I was at breakfast with a friend the other day and we were talking about networking and building our respective businesses.

“I don’t think I’m threatening enough.” He said.

Excuse me. I wasn’t sure I heard him right so I asked him again. He reiterated that a very successful sales coach told him he’d build his business much bigger if he was more threatening.

“You’re too nice a guy”, he said. “Everyone likes you and feels very comfortable with you so it’s hard for you to switch into sales mode.”

My friend felt very uncomfortable with this. He didn’t feel comfortable switching into “sales mode”. He genuinely likes people and doesn’t like to pressure anyone into a sale.

This pressuring, “sales mode” attitude is why most of us hate salespeople. It’s also why most people are uncomfortable selling.  Hard driving sales tactics and techniques are just not who we are. They make us uncomfortable and make our prospective clients put up a great big wall between us.

Don’t get me wrong, I believe in, and coach people, on sales processes and techniques that increase the likelihood of making the sale.

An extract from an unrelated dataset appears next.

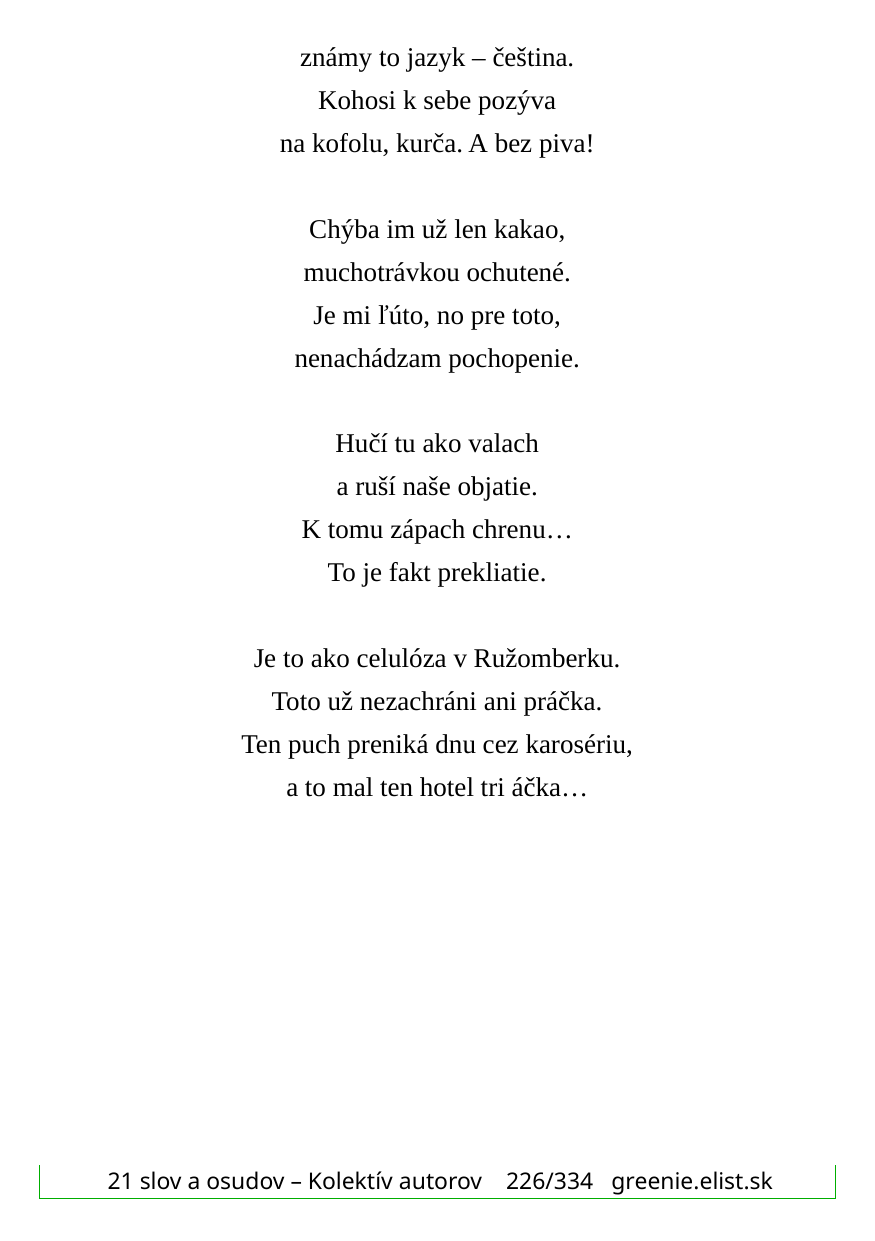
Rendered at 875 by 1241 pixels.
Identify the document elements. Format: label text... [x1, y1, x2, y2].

However, these don’t need to be aggressive and unnatural.  These can help you to build relationships instead of tearing them down.

Here are 3 tips for a no-pressure, natural, relationship building sale:

  • Don’t throw up

The most important thing to all of us is…ourselves. So when we meet someone new at a networking event, or we meet with a prospect, why do we show up and throw up? Why do we insist on talk about ourselves so much before we know anything about them? If people are most interested in themselves, we should spend 80% of the time asking them open-ended questions to find out more about them. They’ll love you for it and it’ll have the added benefit of telling you what their “hot buttons” are and if they’re a true prospect.

  • Consult, don’t sell

People don’t want to be sold. They want their problems solved. Instead of selling them, try to help them solve their problems. This shows them what you can do to help better than a canned sales pitch or a PowerPoint presentation. Some people are concerned that would mean giving their services away for free. However, spending 15 minutes or an hour helping someone solve their problems seems like a small investment to make to gain a new client.

  •  Are you open?

”Are you open to some help with that?” If you haven’t “thrown up” and you’ve “consulted” instead of “sold”, closing the sale becomes much easier. Instead of closing hard using a traditional sales technique, all you have to do is ask this one simple, non-threatening question. Most people are “open to some help”. It doesn’t mean you’re guaranteed to make the sale, but it does mean you’re much more likely to openly discuss the potential to do so. 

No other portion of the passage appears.